→ **WORK TO COMPLETE**: Find the line in the entries below that contains "One 3D box per". Repeat it exactly, and every line after it through the line that contains "- **name**: position".

→ **AVAILABLE DATA**:
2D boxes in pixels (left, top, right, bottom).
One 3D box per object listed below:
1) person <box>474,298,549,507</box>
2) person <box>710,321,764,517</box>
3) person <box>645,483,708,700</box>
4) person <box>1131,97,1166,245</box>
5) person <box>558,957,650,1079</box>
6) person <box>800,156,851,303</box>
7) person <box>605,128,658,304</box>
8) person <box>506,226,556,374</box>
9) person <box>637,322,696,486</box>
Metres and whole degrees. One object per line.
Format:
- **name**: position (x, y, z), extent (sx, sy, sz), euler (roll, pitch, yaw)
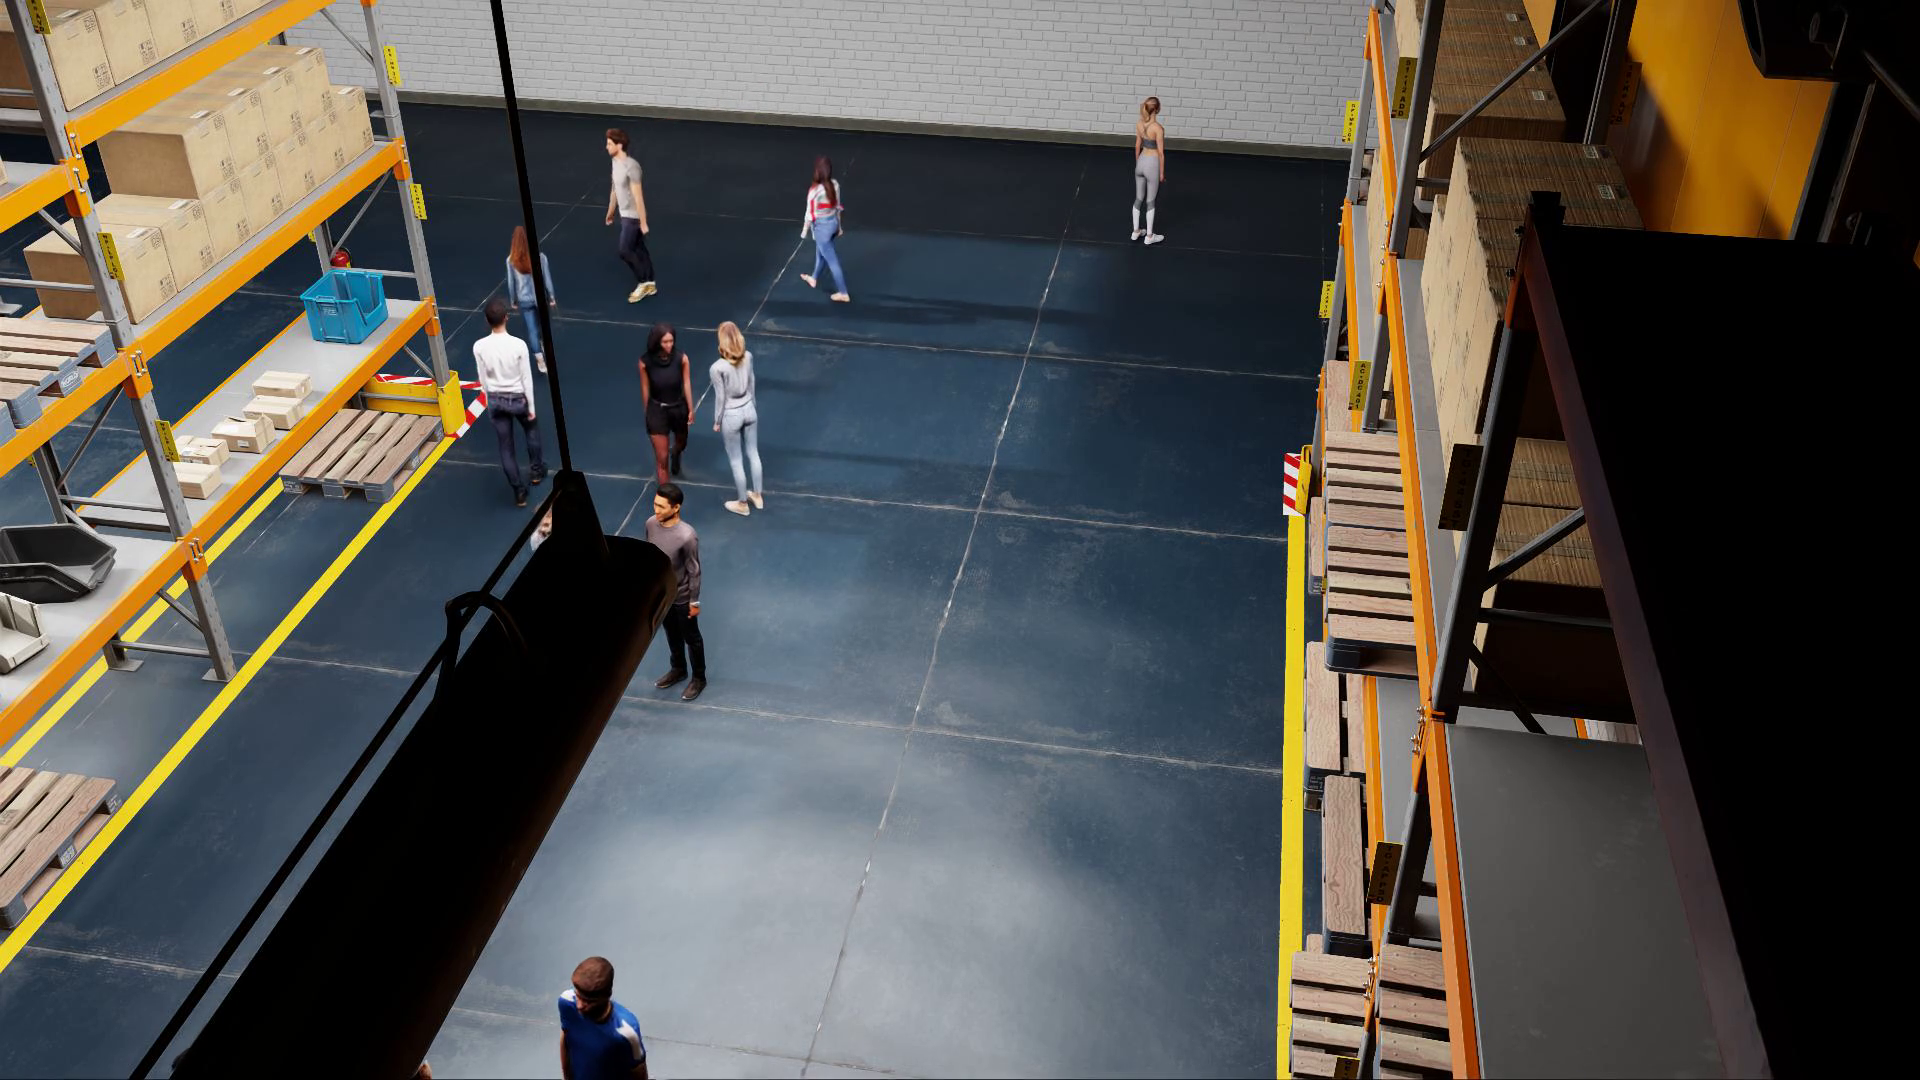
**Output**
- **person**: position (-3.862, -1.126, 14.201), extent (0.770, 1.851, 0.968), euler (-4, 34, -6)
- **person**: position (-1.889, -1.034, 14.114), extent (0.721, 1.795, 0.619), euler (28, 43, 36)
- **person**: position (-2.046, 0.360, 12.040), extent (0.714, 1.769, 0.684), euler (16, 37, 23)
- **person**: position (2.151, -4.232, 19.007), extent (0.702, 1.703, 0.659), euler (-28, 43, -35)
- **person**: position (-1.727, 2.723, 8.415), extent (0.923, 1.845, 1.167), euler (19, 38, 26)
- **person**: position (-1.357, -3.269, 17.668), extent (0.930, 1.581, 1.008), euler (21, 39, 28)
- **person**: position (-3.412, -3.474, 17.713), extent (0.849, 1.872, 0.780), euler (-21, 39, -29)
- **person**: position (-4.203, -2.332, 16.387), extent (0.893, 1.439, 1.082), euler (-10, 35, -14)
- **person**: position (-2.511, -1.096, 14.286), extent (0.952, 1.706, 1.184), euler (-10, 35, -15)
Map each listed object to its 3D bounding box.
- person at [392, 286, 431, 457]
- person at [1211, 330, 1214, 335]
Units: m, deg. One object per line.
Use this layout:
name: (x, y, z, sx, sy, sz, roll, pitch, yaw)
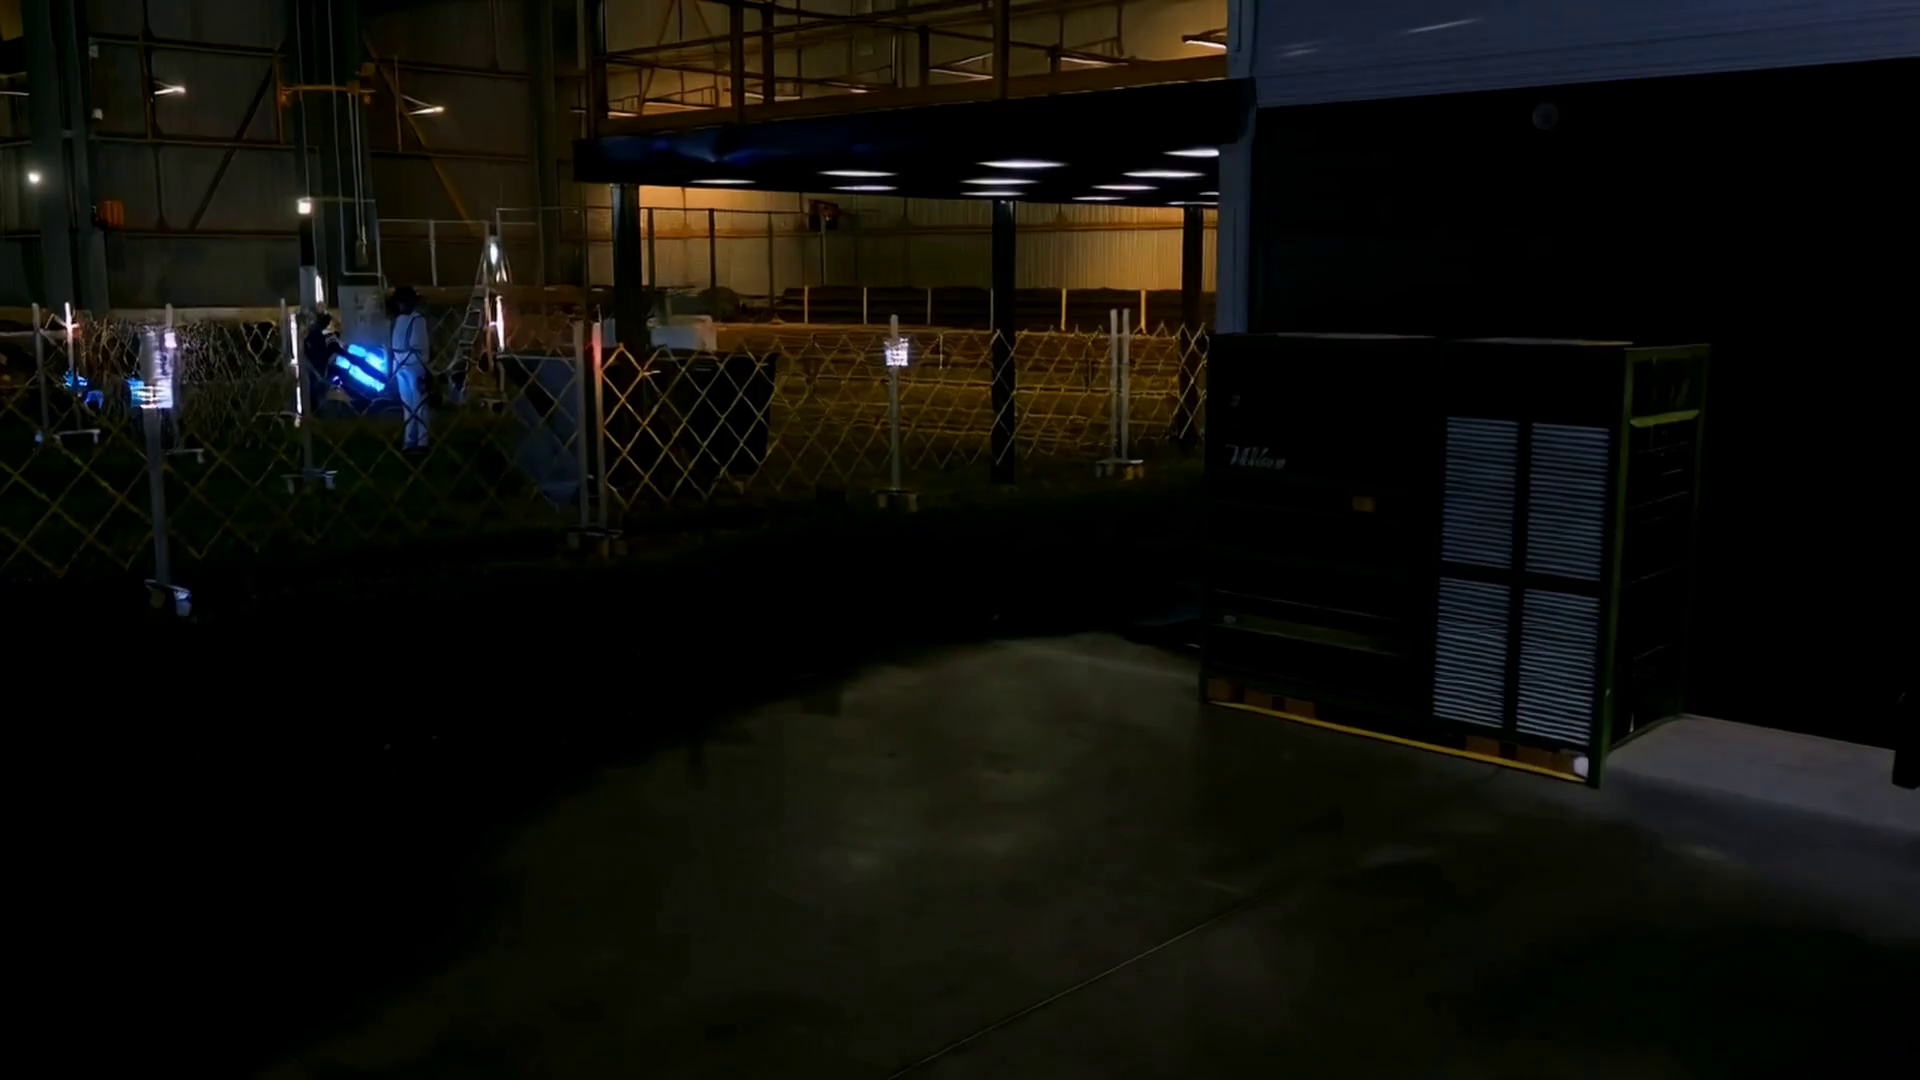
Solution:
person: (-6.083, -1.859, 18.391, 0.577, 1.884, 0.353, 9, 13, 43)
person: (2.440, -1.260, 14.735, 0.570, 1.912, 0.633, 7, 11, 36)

→ **ANSWER SPACE**:
One 3D box per object listed below:
1) person <box>474,298,549,507</box>
2) person <box>710,321,764,517</box>
3) person <box>645,483,708,700</box>
4) person <box>1131,97,1166,245</box>
5) person <box>558,957,650,1079</box>
6) person <box>800,156,851,303</box>
7) person <box>605,128,658,304</box>
8) person <box>506,226,556,374</box>
9) person <box>637,322,696,486</box>
Metres and whole degrees. One object per line.
Format:
- **name**: position (x, y, z), extent (sx, sy, sz), euler (roll, pitch, yaw)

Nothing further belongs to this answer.